Sans lâcher son interlocuteur des yeux Naruto pris un long moment pour réfléchir, il était évident que ce Dan tentait de l'utiliser à ses propres fins en lui faisant cette offre et il n'était pas certain d'aimer l'idée.
- J'ai vu ce que ta petite famille à fait à Tenten, si tu es réellement au courant de ma relation avec Karin j'ai du mal à croire que tu vas laisser les choses ainsi.
Sans se départir de son sourire l'ainé des deux haussa simplement des épaules l'air de dire qu'il ne savait pas lui-même quoi répondre.
- Nous avons peut-être été trop tendre avec notre petite-sœur, elle a préféré nous quitté alors qu'elle ne savait même pas comment ce monde pouvais être dure et cruel, je me dis simplement que tu l'instruis à ta façon. De plus tu es le cousin de ma petite sœur, même si tu ne fais pas vraiment partit de notre famille je peux bien laisser passer une petite erreur de jeunesse… Et j'aime bien ton regard. J'ai toujours trouvé passionnant de voir les derniers soubresaut de violence d'une bête enrager à l'agonie. Maintenant que c'est entendu écoute bien ma petite histoire, ajouta Dan avant de pencher pour lui murmurer son secret à l'oreille.
Pour la première fois depuis bien des années Naruto ne savait plus où il en était.
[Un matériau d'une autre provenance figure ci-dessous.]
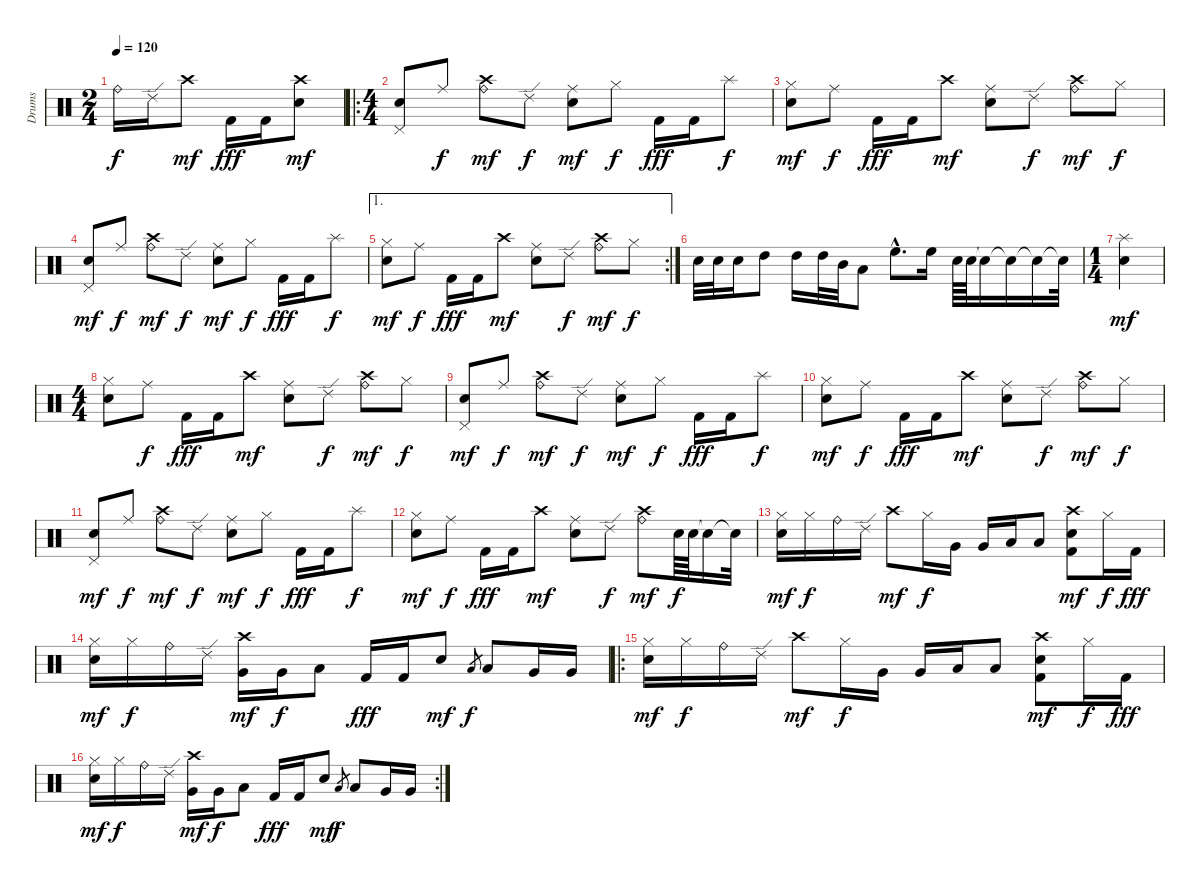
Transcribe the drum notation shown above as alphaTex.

\track ("Drums" "Drums") {instrument percussion}
\staff {score}
\articulation defaults
\ts (2 4)
\tempo 120
\clef neutral
\ks c "Ride (bell)".16{dy f} "Ride (edge) 2".16 "Crash high (hit)".8{dy mf} "Kick (hit) 2".16{dy fff} "Kick (hit) 2".16
("Crash high (hit)" "Electric Snare (hit)").8{dy mf} |
\ro
\ts (4 4)
("Pedal Hi-Hat (hit)" "Electric Snare (hit)").8 "Ride (middle)".8{dy f} ("Ride (bell)" "Crash high (hit)").8{dy mf} "Ride (edge) 2".8{dy f} ("Ride (middle)" "Electric Snare (hit)").8{dy mf} "Hi-Hat (closed)".8{dy f} "Kick (hit) 2".16{dy fff} "Kick (hit) 2".16 "Splash (hit)".8{dy f} |
("Hi-Hat (closed)" "Electric Snare (hit)").8{dy mf} "Ride (middle)".8{dy f} "Kick (hit) 2".16{dy fff} "Kick (hit) 2".16 "Crash high (hit)".8{dy mf} ("Ride (middle)" "Electric Snare (hit)").8 "Ride (edge) 2".8{dy f} ("Ride (bell)" "Crash high (hit)").8{dy mf} "Hi-Hat (closed)".8{dy f} |
("Pedal Hi-Hat (hit)" "Electric Snare (hit)").8{dy mf} "Ride (middle)".8{dy f} ("Ride (bell)" "Crash high (hit)").8{dy mf} "Ride (edge) 2".8{dy f} ("Ride (middle)" "Electric Snare (hit)").8{dy mf} "Hi-Hat (closed)".8{dy f} "Kick (hit) 2".16{dy fff} "Kick (hit) 2".16 "Splash (hit)".8{dy f} |
\ae 1
\rc 2
("Hi-Hat (closed)" "Electric Snare (hit)").8{dy mf} "Ride (middle)".8{dy f} "Kick (hit) 2".16{dy fff} "Kick (hit) 2".16 "Crash high (hit)".8{dy mf} ("Ride (middle)" "Electric Snare (hit)").8 "Ride (edge) 2".8{dy f} ("Ride (bell)" "Crash high (hit)").8{dy mf} "Hi-Hat (closed)".8{dy f} |
"Electric Snare (hit)".32 "Electric Snare (hit)".32 "Electric Snare (hit)".16 "High Tom (hit)".8 "High Tom (hit)".16 "High Tom (hit)".32 "Mid Tom (hit)".32 "Low Tom (hit)".8 "High Floor Tom (hit)"{hac}.8{d} "High Floor Tom (hit)".16 "Electric Snare (hit)".64 "Electric Snare (hit)".64 "Snare (hit)"{t}.16 "Snare (hit)"{t}.16 "Snare (hit)"{t}.16 "Snare (hit)"{t}.32 |
\ts (1 4)
("Electric Snare (hit)" "Splash (hit)").4{dy mf} |
\ts (4 4)
("Hi-Hat (closed)" "Electric Snare (hit)").8 "Ride (middle)".8{dy f} "Kick (hit) 2".16{dy fff} "Kick (hit) 2".16 "Crash high (hit)".8{dy mf} ("Ride (middle)" "Electric Snare (hit)").8 "Ride (edge) 2".8{dy f} ("Ride (bell)" "Crash high (hit)").8{dy mf} "Hi-Hat (closed)".8{dy f} |
("Pedal Hi-Hat (hit)" "Electric Snare (hit)").8{dy mf} "Ride (middle)".8{dy f} ("Ride (bell)" "Crash high (hit)").8{dy mf} "Ride (edge) 2".8{dy f} ("Ride (middle)" "Electric Snare (hit)").8{dy mf} "Hi-Hat (closed)".8{dy f} "Kick (hit) 2".16{dy fff} "Kick (hit) 2".16 "Splash (hit)".8{dy f} |
("Hi-Hat (closed)" "Electric Snare (hit)").8{dy mf} "Ride (middle)".8{dy f} "Kick (hit) 2".16{dy fff} "Kick (hit) 2".16 "Crash high (hit)".8{dy mf} ("Ride (middle)" "Electric Snare (hit)").8 "Ride (edge) 2".8{dy f} ("Ride (bell)" "Crash high (hit)").8{dy mf} "Hi-Hat (closed)".8{dy f} |
("Pedal Hi-Hat (hit)" "Electric Snare (hit)").8{dy mf} "Ride (middle)".8{dy f} ("Ride (bell)" "Crash high (hit)").8{dy mf} "Ride (edge) 2".8{dy f} ("Ride (middle)" "Electric Snare (hit)").8{dy mf} "Hi-Hat (closed)".8{dy f} "Kick (hit) 2".16{dy fff} "Kick (hit) 2".16 "Splash (hit)".8{dy f} |
("Hi-Hat (closed)" "Electric Snare (hit)").8{dy mf} "Ride (middle)".8{dy f} "Kick (hit) 2".16{dy fff} "Kick (hit) 2".16 "Crash high (hit)".8{dy mf} ("Ride (middle)" "Electric Snare (hit)").8 "Ride (edge) 2".8{dy f} ("Ride (bell)" "Crash high (hit)").8{dy mf} "Electric Snare (hit)".64{dy f} "Electric Snare (hit)".64 "Snare (hit)"{t}.16 "Snare (hit)"{t}.32 |
("Hi-Hat (closed)" "Electric Snare (hit)").16{dy mf} "Hi-Hat (closed)".16{dy f} "Ride (bell)".16 "Ride (edge) 2".16 "Crash high (hit)".8{dy mf} "Hi-Hat (closed)".16{dy f} "Very Low Tom (hit)".16 "Very Low Tom (hit)".16 "Low Tom (hit)".16 "Low Tom (hit)".8 ("Electric Snare (hit)" "Kick (hit) 2" "Crash high (hit)").8{dy mf} "Hi-Hat (closed)".16{dy f} "Kick (hit) 2".16{dy fff} |
("Electric Snare (hit)" "Hi-Hat (closed)").16{dy mf} "Hi-Hat (closed)".16{dy f} "Ride (bell)".16 "Ride (edge) 2".16 ("Very Low Tom (hit)" "Crash high (hit)").16{dy mf} "Very Low Tom (hit)".16{dy f} "Low Tom (hit)".8 "Kick (hit) 2".16{dy fff} "Kick (hit) 2".16 "Electric Snare (hit)".8{dy mf} "Low Tom (hit)".8{gr dy f} "Low Tom (hit)".8 "Very Low Tom (hit)".16 "Very Low Tom (hit)".16 |
\ro
("Hi-Hat (closed)" "Electric Snare (hit)").16{dy mf} "Hi-Hat (closed)".16{dy f} "Ride (bell)".16 "Ride (edge) 2".16 "Crash high (hit)".8{dy mf} "Hi-Hat (closed)".16{dy f} "Very Low Tom (hit)".16 "Very Low Tom (hit)".16 "Low Tom (hit)".16 "Low Tom (hit)".8 ("Electric Snare (hit)" "Kick (hit) 2" "Crash high (hit)").8{dy mf} "Hi-Hat (closed)".16{dy f} "Kick (hit) 2".16{dy fff} |
\rc 2
("Electric Snare (hit)" "Hi-Hat (closed)").16{dy mf} "Hi-Hat (closed)".16{dy f} "Ride (bell)".16 "Ride (edge) 2".16 ("Very Low Tom (hit)" "Crash high (hit)").16{dy mf} "Very Low Tom (hit)".16{dy f} "Low Tom (hit)".8 "Kick (hit) 2".16{dy fff} "Kick (hit) 2".16 "Electric Snare (hit)".8{dy mf} "Low Tom (hit)".8{gr dy f} "Low Tom (hit)".8 "Very Low Tom (hit)".16 "Very Low Tom (hit)".16
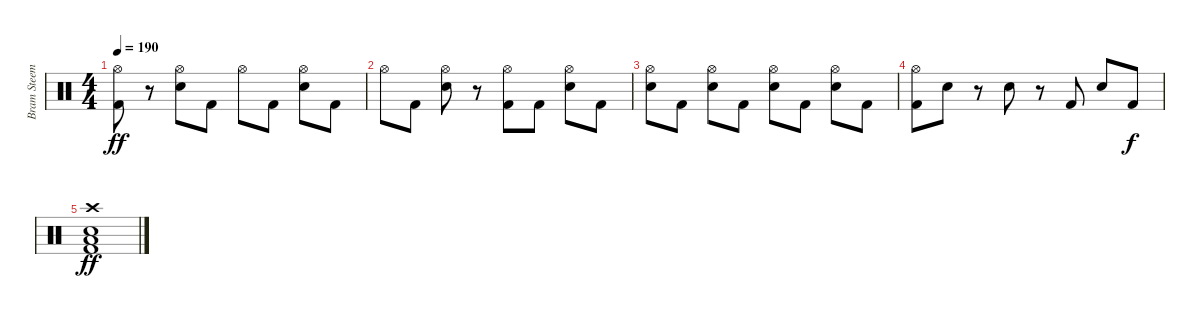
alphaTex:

\track ("Bram Steemans" "Bram Steem") {instrument percussion}
\staff {score}
\articulation defaults
\ts (4 4)
\tempo 190
\clef neutral
\ks c
("Hi-Hat (open)" "Kick (hit) 2").8{dy ff} r.8 ("Hi-Hat (open)" "Snare (hit) 2").8 "Kick (hit) 2".8 "Hi-Hat (open)".8 "Kick (hit) 2".8 ("Hi-Hat (open)" "Snare (hit) 2").8 "Kick (hit) 2".8 |
"Hi-Hat (open)".8 "Kick (hit) 2".8 ("Hi-Hat (open)" "Snare (hit) 2").8 r.8 ("Hi-Hat (open)" "Kick (hit) 2").8 "Kick (hit) 2".8 ("Hi-Hat (open)" "Snare (hit) 2").8 "Kick (hit) 2".8 |
("Hi-Hat (open)" "Snare (hit) 2").8 "Kick (hit) 2".8 ("Hi-Hat (open)" "Snare (hit) 2").8 "Kick (hit) 2".8 ("Hi-Hat (open)" "Snare (hit) 2").8 "Kick (hit) 2".8 ("Hi-Hat (open)" "Snare (hit) 2").8 "Kick (hit) 2".8 |
("Hi-Hat (open)" "Kick (hit) 2").8 "Snare (hit) 2".8 r.8 "Snare (hit) 2".8 r.8 "Kick (hit) 2".8 "Snare (hit) 2".8 "Kick (hit) 2".8{dy f} |
("Crash high (hit)" "Low Floor Tom (hit)" "Snare (hit) 2" "Kick (hit) 2").1{dy ff}
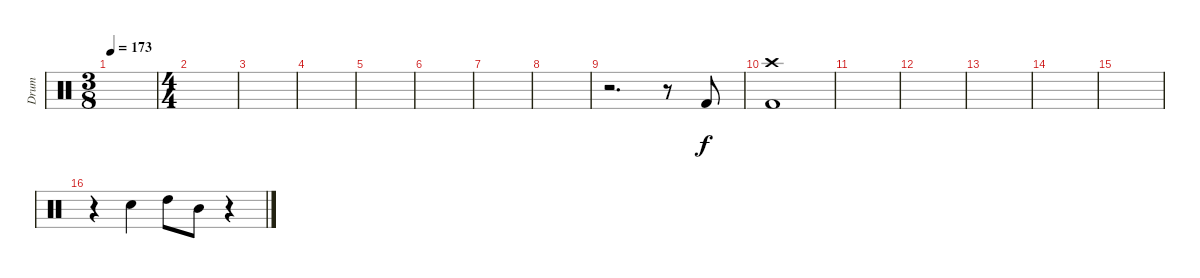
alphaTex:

\track ("Drum" "Drum") {instrument percussion}
\staff {score}
\articulation defaults
\ts (3 8)
\tempo 173
\clef neutral
\ks c
|
\ts (4 4)
|
|
|
|
|
|
|
r.2{d} r.8 "Kick (hit) 2".8 |
("Crash high (hit)" "Kick (hit) 2").1 |
|
|
|
|
|
r.4 "Electric Snare (hit)".4 "High Tom (hit)".8 "Mid Tom (hit)".8 r.4
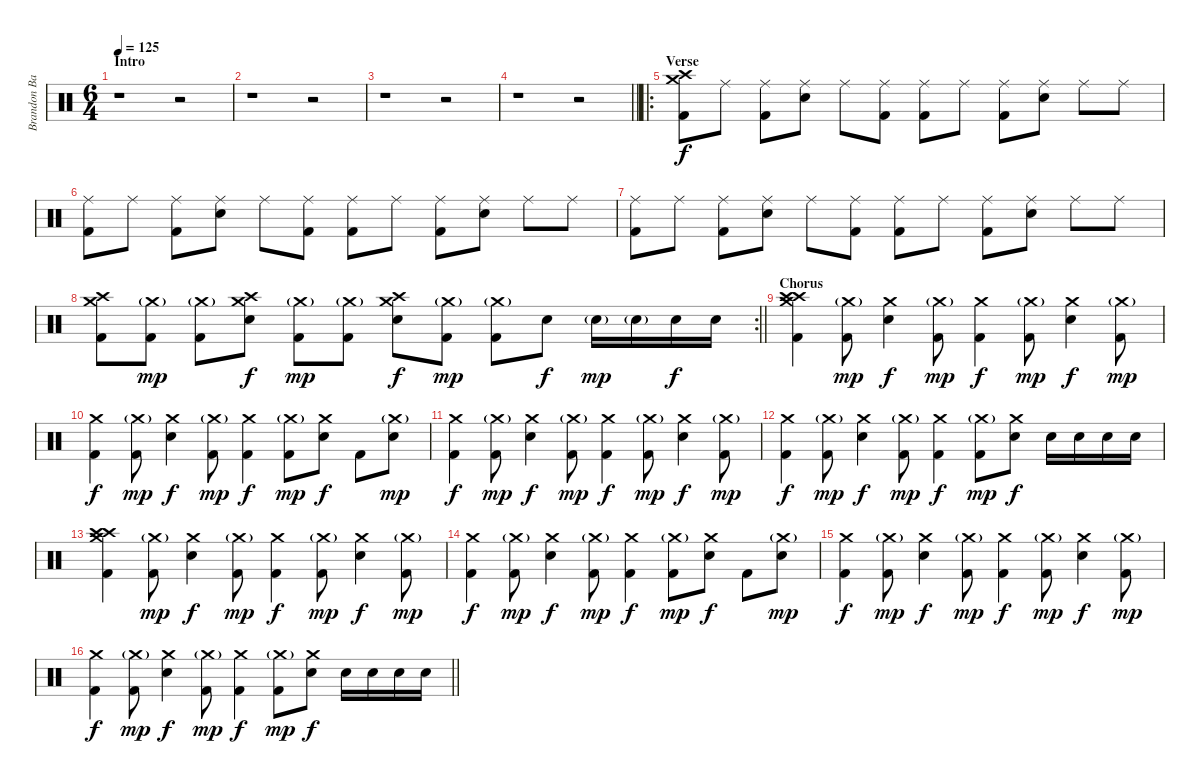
\track ("Brandon Barnes" "Brandon Ba") {instrument percussion}
\staff {score}
\articulation defaults
\ts (6 4)
\section ("" "Intro")
\tempo 125
\clef neutral
\ks c
r.1{dy f} r.2 |
r.1 r.2 |
r.1 r.2 |
\barLineRight lightlight
r.1 r.2 |
\ro
\section ("" "Verse")
("Crash high (hit)" "Crash medium (hit)" "Kick (hit) 2").8 "Ride (middle)".8 ("Ride (middle)" "Kick (hit) 2").8 ("Ride (middle)" "Electric Snare (hit)").8 "Ride (middle)".8 ("Ride (middle)" "Kick (hit) 2").8 ("Ride (middle)" "Kick (hit) 2").8 "Ride (middle)".8 ("Ride (middle)" "Kick (hit) 2").8 ("Ride (middle)" "Electric Snare (hit)").8 "Ride (middle)".8 "Ride (middle)".8 |
("Ride (middle)" "Kick (hit) 2").8 "Ride (middle)".8 ("Ride (middle)" "Kick (hit) 2").8 ("Ride (middle)" "Electric Snare (hit)").8 "Ride (middle)".8 ("Ride (middle)" "Kick (hit) 2").8 ("Ride (middle)" "Kick (hit) 2").8 "Ride (middle)".8 ("Ride (middle)" "Kick (hit) 2").8 ("Ride (middle)" "Electric Snare (hit)").8 "Ride (middle)".8 "Ride (middle)".8 |
("Ride (middle)" "Kick (hit) 2").8 "Ride (middle)".8 ("Ride (middle)" "Kick (hit) 2").8 ("Ride (middle)" "Electric Snare (hit)").8 "Ride (middle)".8 ("Ride (middle)" "Kick (hit) 2").8 ("Ride (middle)" "Kick (hit) 2").8 "Ride (middle)".8 ("Ride (middle)" "Kick (hit) 2").8 ("Ride (middle)" "Electric Snare (hit)").8 "Ride (middle)".8 "Ride (middle)".8 |
\rc 2
\barLineRight lightlight
("Crash high (hit)" "Crash medium (hit)" "Kick (hit) 2").8 ("Crash medium (hit)"{g} "Kick (hit) 2").8{dy mp} ("Crash medium (hit)"{g} "Kick (hit) 2").8 ("Crash medium (hit)" "Crash high (hit)" "Electric Snare (hit)").8{dy f} ("Crash medium (hit)"{g} "Kick (hit) 2").8{dy mp} ("Crash medium (hit)"{g} "Kick (hit) 2").8 ("Crash high (hit)" "Crash medium (hit)" "Electric Snare (hit)").8{dy f} ("Crash medium (hit)"{g} "Kick (hit) 2").8{dy mp} ("Crash medium (hit)"{g} "Kick (hit) 2").8 "Electric Snare (hit)".8{dy f} "Electric Snare (hit)"{g}.16{dy mp} "Electric Snare (hit)"{g}.16 "Electric Snare (hit)".16{dy f} "Electric Snare (hit)".16 |
\section ("" "Chorus")
("Crash high (hit)" "Crash high (hit)" "Crash medium (hit)" "Kick (hit) 2").4 ("Crash medium (hit)"{g} "Kick (hit) 2").8{dy mp} ("Crash medium (hit)" "Electric Snare (hit)").4{dy f} ("Crash medium (hit)"{g} "Kick (hit) 2").8{dy mp} ("Crash medium (hit)" "Kick (hit) 2").4{dy f} ("Crash medium (hit)"{g} "Kick (hit) 2").8{dy mp} ("Crash medium (hit)" "Electric Snare (hit)").4{dy f} ("Crash medium (hit)"{g} "Kick (hit) 2").8{dy mp} |
("Crash medium (hit)" "Kick (hit) 2").4{dy f} ("Crash medium (hit)"{g} "Kick (hit) 2").8{dy mp} ("Crash medium (hit)" "Electric Snare (hit)").4{dy f} ("Crash medium (hit)"{g} "Kick (hit) 2").8{dy mp} ("Crash medium (hit)" "Kick (hit) 2").4{dy f} ("Crash medium (hit)"{g} "Kick (hit) 2").8{dy mp} ("Crash medium (hit)" "Electric Snare (hit)").8{dy f} "Kick (hit) 2".8 ("Crash medium (hit)"{g} "Electric Snare (hit)").8{dy mp} |
("Crash medium (hit)" "Kick (hit) 2").4{dy f} ("Crash medium (hit)"{g} "Kick (hit) 2").8{dy mp} ("Crash medium (hit)" "Electric Snare (hit)").4{dy f} ("Crash medium (hit)"{g} "Kick (hit) 2").8{dy mp} ("Crash medium (hit)" "Kick (hit) 2").4{dy f} ("Crash medium (hit)"{g} "Kick (hit) 2").8{dy mp} ("Crash medium (hit)" "Electric Snare (hit)").4{dy f} ("Crash medium (hit)"{g} "Kick (hit) 2").8{dy mp} |
("Crash medium (hit)" "Kick (hit) 2").4{dy f} ("Crash medium (hit)"{g} "Kick (hit) 2").8{dy mp} ("Crash medium (hit)" "Electric Snare (hit)").4{dy f} ("Crash medium (hit)"{g} "Kick (hit) 2").8{dy mp} ("Crash medium (hit)" "Kick (hit) 2").4{dy f} ("Crash medium (hit)"{g} "Kick (hit) 2").8{dy mp} ("Crash medium (hit)" "Electric Snare (hit)").8{dy f} "Electric Snare (hit)".16 "Electric Snare (hit)".16 "Electric Snare (hit)".16 "Electric Snare (hit)".16 |
("Crash high (hit)" "Crash high (hit)" "Crash medium (hit)" "Kick (hit) 2").4 ("Crash medium (hit)"{g} "Kick (hit) 2").8{dy mp} ("Crash medium (hit)" "Electric Snare (hit)").4{dy f} ("Crash medium (hit)"{g} "Kick (hit) 2").8{dy mp} ("Crash medium (hit)" "Kick (hit) 2").4{dy f} ("Crash medium (hit)"{g} "Kick (hit) 2").8{dy mp} ("Crash medium (hit)" "Electric Snare (hit)").4{dy f} ("Crash medium (hit)"{g} "Kick (hit) 2").8{dy mp} |
("Crash medium (hit)" "Kick (hit) 2").4{dy f} ("Crash medium (hit)"{g} "Kick (hit) 2").8{dy mp} ("Crash medium (hit)" "Electric Snare (hit)").4{dy f} ("Crash medium (hit)"{g} "Kick (hit) 2").8{dy mp} ("Crash medium (hit)" "Kick (hit) 2").4{dy f} ("Crash medium (hit)"{g} "Kick (hit) 2").8{dy mp} ("Crash medium (hit)" "Electric Snare (hit)").8{dy f} "Kick (hit) 2".8 ("Crash medium (hit)"{g} "Electric Snare (hit)").8{dy mp} |
("Crash medium (hit)" "Kick (hit) 2").4{dy f} ("Crash medium (hit)"{g} "Kick (hit) 2").8{dy mp} ("Crash medium (hit)" "Electric Snare (hit)").4{dy f} ("Crash medium (hit)"{g} "Kick (hit) 2").8{dy mp} ("Crash medium (hit)" "Kick (hit) 2").4{dy f} ("Crash medium (hit)"{g} "Kick (hit) 2").8{dy mp} ("Crash medium (hit)" "Electric Snare (hit)").4{dy f} ("Crash medium (hit)"{g} "Kick (hit) 2").8{dy mp} |
\barLineRight lightlight
("Crash medium (hit)" "Kick (hit) 2").4{dy f} ("Crash medium (hit)"{g} "Kick (hit) 2").8{dy mp} ("Crash medium (hit)" "Electric Snare (hit)").4{dy f} ("Crash medium (hit)"{g} "Kick (hit) 2").8{dy mp} ("Crash medium (hit)" "Kick (hit) 2").4{dy f} ("Crash medium (hit)"{g} "Kick (hit) 2").8{dy mp} ("Crash medium (hit)" "Electric Snare (hit)").8{dy f} "Electric Snare (hit)".16 "Electric Snare (hit)".16 "Electric Snare (hit)".16 "Electric Snare (hit)".16
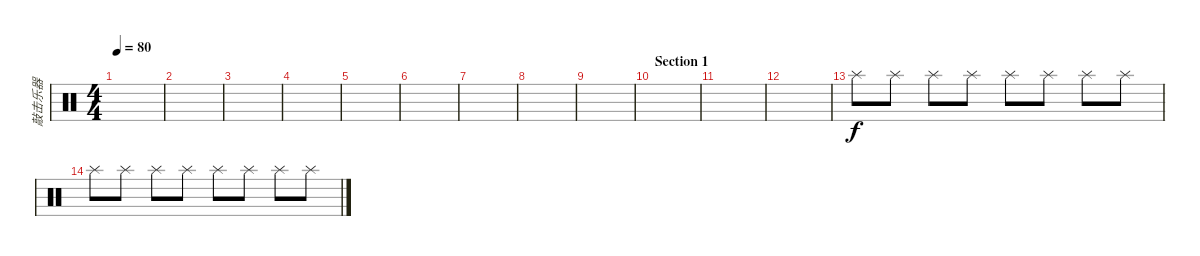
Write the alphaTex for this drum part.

\track ("敲击乐器" "敲击乐器") {instrument percussion}
\staff {score}
\articulation defaults
\ts (4 4)
\tempo 80
\clef neutral
\ks c
|
|
|
|
|
|
|
|
|
\section ("" "Section 1")
|
|
|
"Splash (hit)".8 "Splash (hit)".8 "Splash (hit)".8 "Splash (hit)".8 "Splash (hit)".8 "Splash (hit)".8 "Splash (hit)".8 "Splash (hit)".8 |
"Splash (hit)".8 "Splash (hit)".8 "Splash (hit)".8 "Splash (hit)".8 "Splash (hit)".8 "Splash (hit)".8 "Splash (hit)".8 "Splash (hit)".8

Tout en lui n'était plus qu'un tourbillon d'émotions incontrôlables alors que les paroles de Dan se répétaient sans cesse dans sa tête. Il ne savait plus s'il devait être heureux ou en colère, s'il devait rire ou pleurer, s'il devait rester de marbre ou rentrer immédiatement à la maison pour rompre le cou de sa cousine. Chose sure, maintenant qu'il savait toute la vérité, il allait devoir adapter ses plans pour la suite.
Il ne resterait que trois nom sur sa liste, pour l'un d'entre eux tout était déjà prêt et il n'aurait aucun effort à fournir tandis que pour les deux autres tout restait encore à décider. Il ne restait plus que quelques semaines avant qu'il ne doive libérer Karin, à peine plus de trois mois, mais même si le temps lui manquait il était déterminer à s'acquitter de cette tâche supplémentaire et détruire ceux qui l'avait détruit.